Some brief mention should be made of the conventional mode of operation of the intake-exhaust system for a peripherally ported rotary engine according to the knowledge of the prior art. In FIG. 5, the four cycle sequence is illustrated with respect to particularly one variable volume chamber 34 defined between the rotor 35 and the walls of the housing 36. The schematic illustrations show the housing broken away to reveal the epitrochoid wall 37 and water cooling channels 38. The chamber 34 (adjacent the black dot on the rotor and which should be followed for the subsequent cycles) undergoes suction during the intake cycle A thereby drawing in a combustible mixture through port 40; note that the apex seal at 39 is bisecting the exhaust port 41 which permits interchamber communication. As the chamber 34 proceeds to the compression cycle B, the intake port is sealed off from chamber 34 by the apex seal at 39. However, port overlap is occurring in the chamber trailing chamber 34. In the smallest volume condition of chamber 34 (see cycle C), the mixture therein is ignited by spark means 42. Finally, during the exhaust cycle D, chamber 34 is again placed in interchamber communication when apex seal 44 begins to traverse intake port 40. Note the relatively close proximity of the intake and exhaust ports and the absence of control apparatus for the intake-exhaust system.

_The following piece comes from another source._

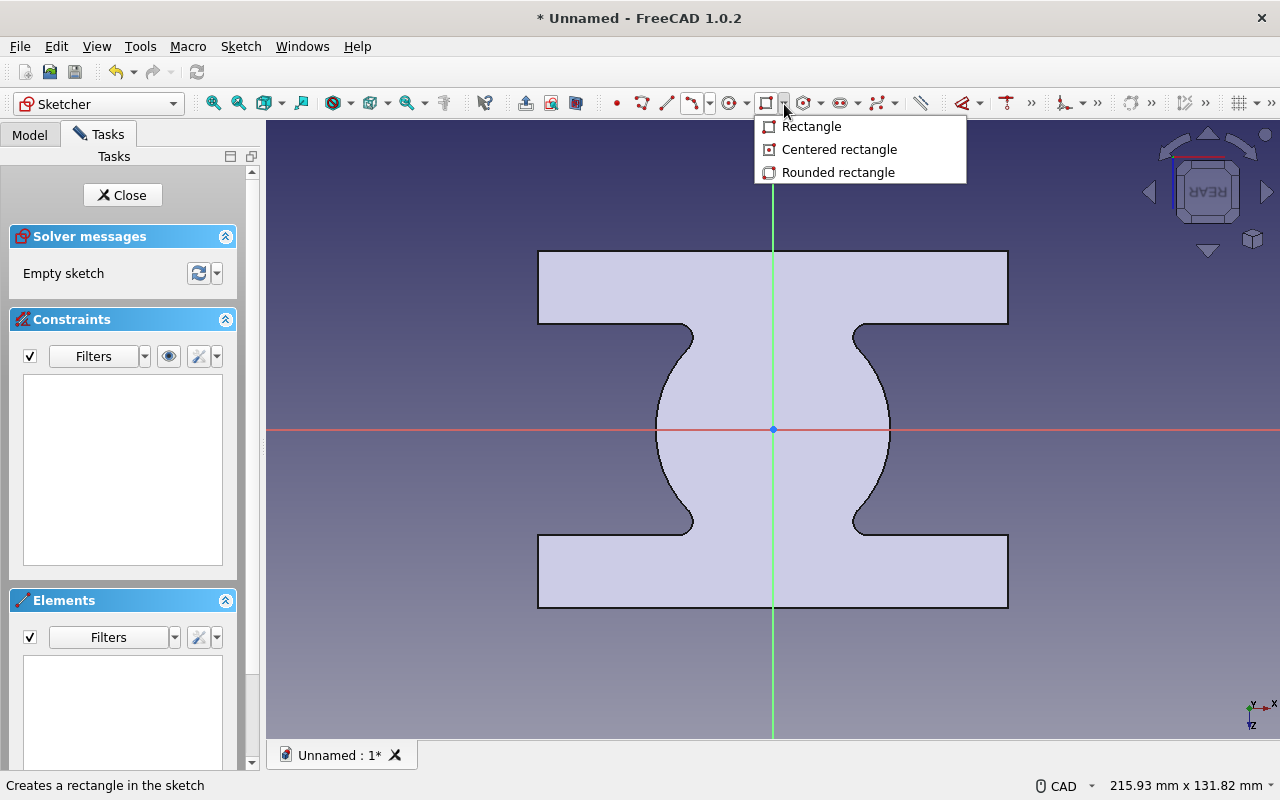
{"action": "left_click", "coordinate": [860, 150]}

An initial attempt to solve the lack of high velocity through the inlet port appeared as construction 46 in FIGS. 6 and 7. It may be commonly referred to as the pagoda design employing reed valves at the ends as well as sides of a cage or tent structure 45 formed for defining the valve openings and for supporting the reeds 47. The assembly had an annular base 48 effective to extend across the entrance to port 49. The cage base was joined to a step in the inlet port and had four rectangularly related tapered walls 50 converging to a strip-like apex 51. In each of the walls, openings 52 were provided with the margins of the openings serving as reed valve seats. Two openings were located in each of the side or larger walls and one of the openings located in each end wall. The bendable reed valves 47 were fastened at one end 47a thereof by a suitable fastener 53. A thin leaf-type back-stop 54 was provided for each reed valve, but defined with a contour allowing the reed valve to assume a curved shape in the opened condition. The side reed valves and back-stops each were joined at a common web to facilitate assembly. In operation, suction created in chamber 56 caused a flow of inlet air to take place through the openings 52 forcing the reed valves to curve away from the valve seats. The maximum opening, with the reeds in their fully extended position, is a design parameter to render a desired flow. In order to provide an equivalent flow to that of this invention, to be described, the pagoda design must be unusually large and therefore is unacceptable for rotary engine utilization. The amplitude of each reed valve is unduly large causing response time to be poor. The pagoda design offers little improvement in residual back-flow volume and reduction of interchamber dilution.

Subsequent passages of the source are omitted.